Chemistry: molecular biology and microbiology – Measuring or testing process involving enzymes or... – Involving nucleic acid
Reexamination Certificate
1999-05-21
2001-09-11
Horlick, Kenneth R. (Department: 1656)
Chemistry: molecular biology and microbiology
Measuring or testing process involving enzymes or...
Involving nucleic acid
C435S091100, C435S091200, C435S258100, C435S285200, C435S287100, C435S287200, C436S171000, C436S172000, C536S022100, C536S023100, C536S024300, C536S024310, C536S024320, C536S024330, C204S155000
Reexamination Certificate
active
06287774
ABSTRACT:
BACKGROUND OF THE INVENTION
Virtually all chemical, biological and biochemical research depends upon the ability of the investigator to determine the direction of her research by assaying reaction mixtures for the presence or absence of a particular chemical species within the reaction mixture. In a simple case, the rate or efficiency of a reaction is assayed by measuring the rate of production of the reaction product, or the depletion of a reaction substrate. Similarly, interactive reactions, e.g., binding or dissociation reactions are generally assayed by measuring the amount of bound or free material in the resultant reaction mixture.
For certain reactions, the species of interest, or a suitable surrogate, is readily detectable and distinguishable from the remainder of the reagents. Thus, in order to detect such species, one merely needs to look for it. Often, this is accomplished by rendering a reaction product optically detectable and distinguishable from the reagents by virtue of an optical signaling element or moiety that is only present or active on the product or the substrate. By measuring the level of optical signal, one can directly ascertain the amount of product or remaining substrate.
Unfortunately, many reactions of particular interest do not have the benefit of having a readily available surrogate reagent that produces signal only when subjected to the reaction of interest. For example, many reactions that are of great interest to the biological research field do not subject their reagents to the types of modifications that can give rise to substantial optical property changes. Researchers have attempted to engineer substrates, which give rise to optical property changes. For example, typical binding reactions between two molecules result in a bound complex of those molecules. However, even when one member of the binding pair is labeled, the formation of the complex does not generally give rise to an optically detectable difference between the complex and the labeled molecule. As a result, most binding assays rely upon the immobilization of one member or molecule of the binding pair. The labeled molecule is then contacted with the immobilized molecule, and the immobilizing support is washed. Following washing, the support is then examined for the presence of the labeled molecule, indicating binding of the labeled component to the unlabeled, immobilized component. Vast arrays of different binding member pairs are often prepared in order to enhance the throughput of the assay format. See, e.g., U.S. Pat. No. 5,143,854 to Pirrung et al.
Alternatively, in the case of nucleic acid hybridization assays, researchers have developed complementary labeling systems that take advantage of the proximity of bound elements to produce fluorescent signals, either in the bound or unbound state. See, e.g., U.S. Pat. Nos. 5,668,648, 5,707,804, 5,728,528, 5,853,992, and 5,869,255 to Mathies et al. for a description of FRET dyes, and Tyagi et al.

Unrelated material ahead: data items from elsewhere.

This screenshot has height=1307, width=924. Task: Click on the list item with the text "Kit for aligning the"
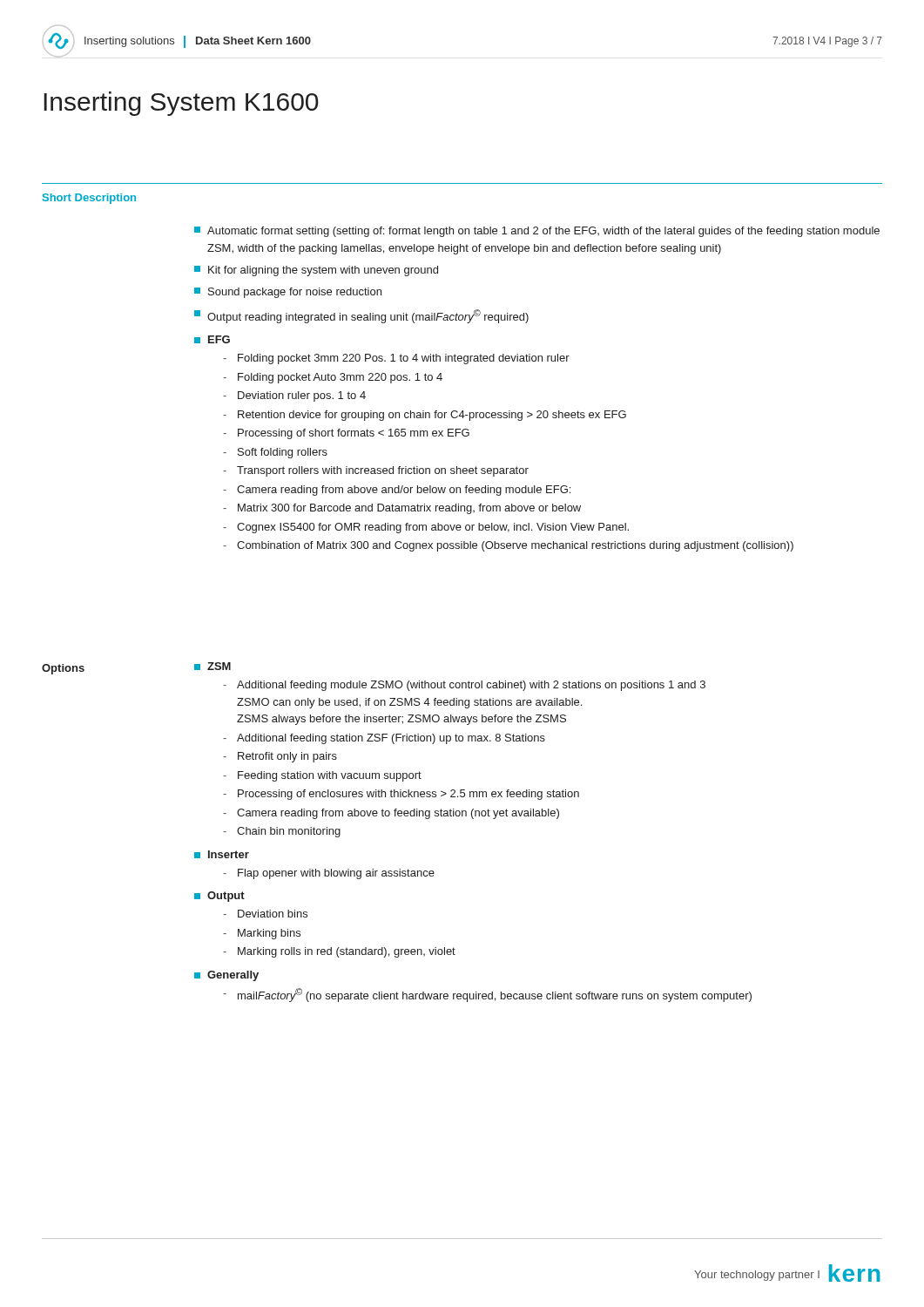316,271
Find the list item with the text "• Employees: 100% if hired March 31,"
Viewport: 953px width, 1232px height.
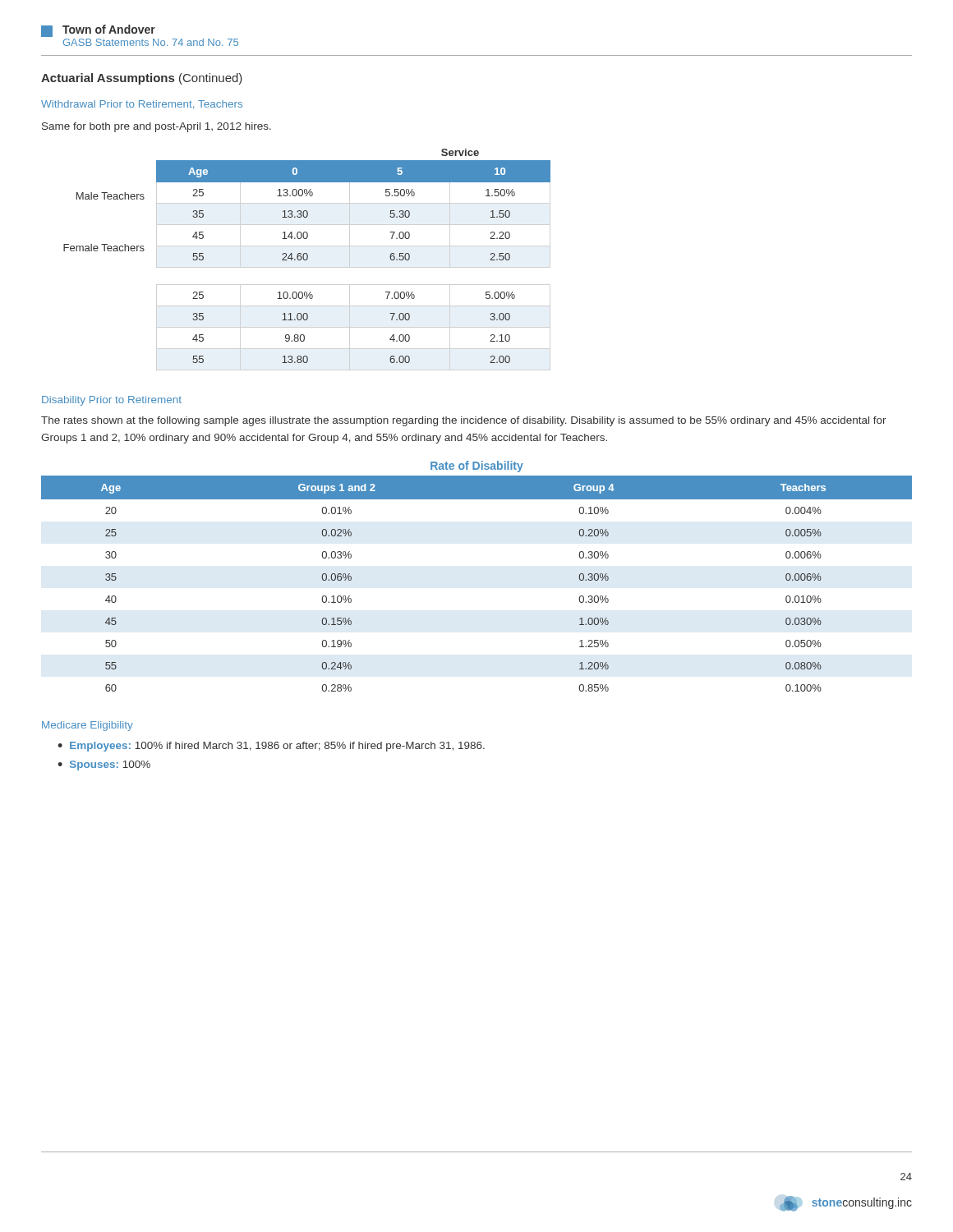(x=271, y=745)
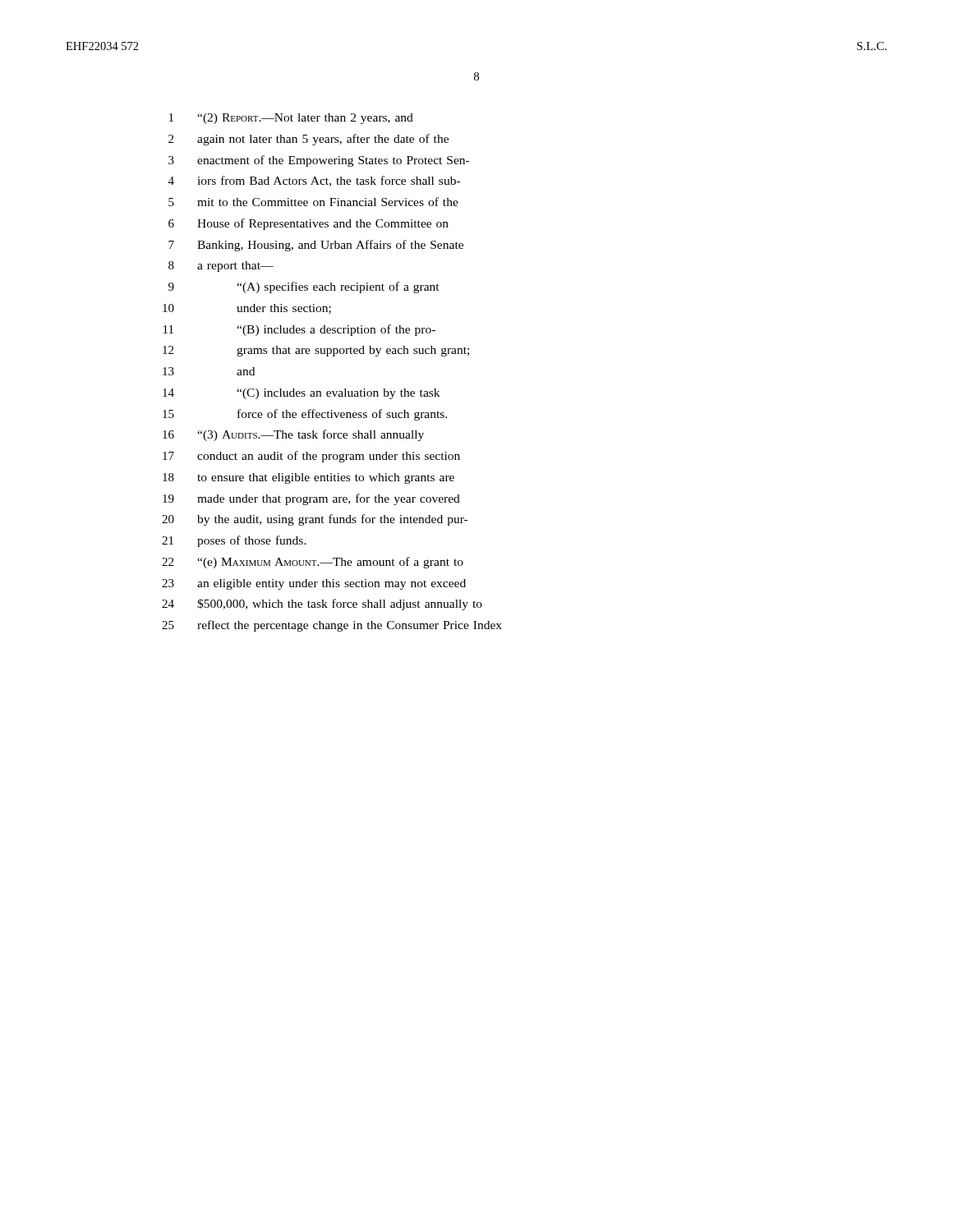Screen dimensions: 1232x953
Task: Find the list item that says "1 “(2) Report.—Not later than 2"
Action: 291,119

Nature Biotech. 14:303-8 (1996), and Tyagi et al., Nature Biotech. 16:49-53 (1998) for a description of molecular beacons.
As noted above, binding reactions are but one category of assays that generally do not produce optically detectable signals. Similarly, there are a number of other assays whose reagents and/or products cannot be readily distinguished from each other, even despite the incorporation of optically detectable elements. For example, kinase assays that incorporate phosphate groups onto phosphorylatable substrates do not generally have surrogate substrates that produce a detectable signal upon completion of the phosphorylation reaction. Instead, such reactions typically rely upon a change in the structure of the product, which structural change is used to separate the reactants from the product. The separated product is then detected. As should be apparent, assays requiring additional separation steps can be extremely time consuming and less efficient, as a result of losses during the various assay steps.
It would generally be desirable to be able to perform the above-described assay types without the need for solid supports, additional separation steps, or the like. The present invention meets these and a variety of other important needs.
SUMMARY OF THE INVENTION
The present invention provides methods, systems, kits and the like for carrying out a wide variety of different assays. These assays typically comprise providing a first reagent mixture which comprises a first reagent having a fluorescent label. A second reagent is introduced into the first reagent mixture to produce a second reagent mixture, where the second reagent reacts with the first reagent to produce a fluorescently labeled product having a substantially different charge than the first reagent. A polyion is introduced into at least one of the first and second reagent mixtures, and the fluorescent polarization in the second reagent mixture relative to the first reagent mixture is determined, this fluorescent polarization being indicative of the rate or extent of the reaction.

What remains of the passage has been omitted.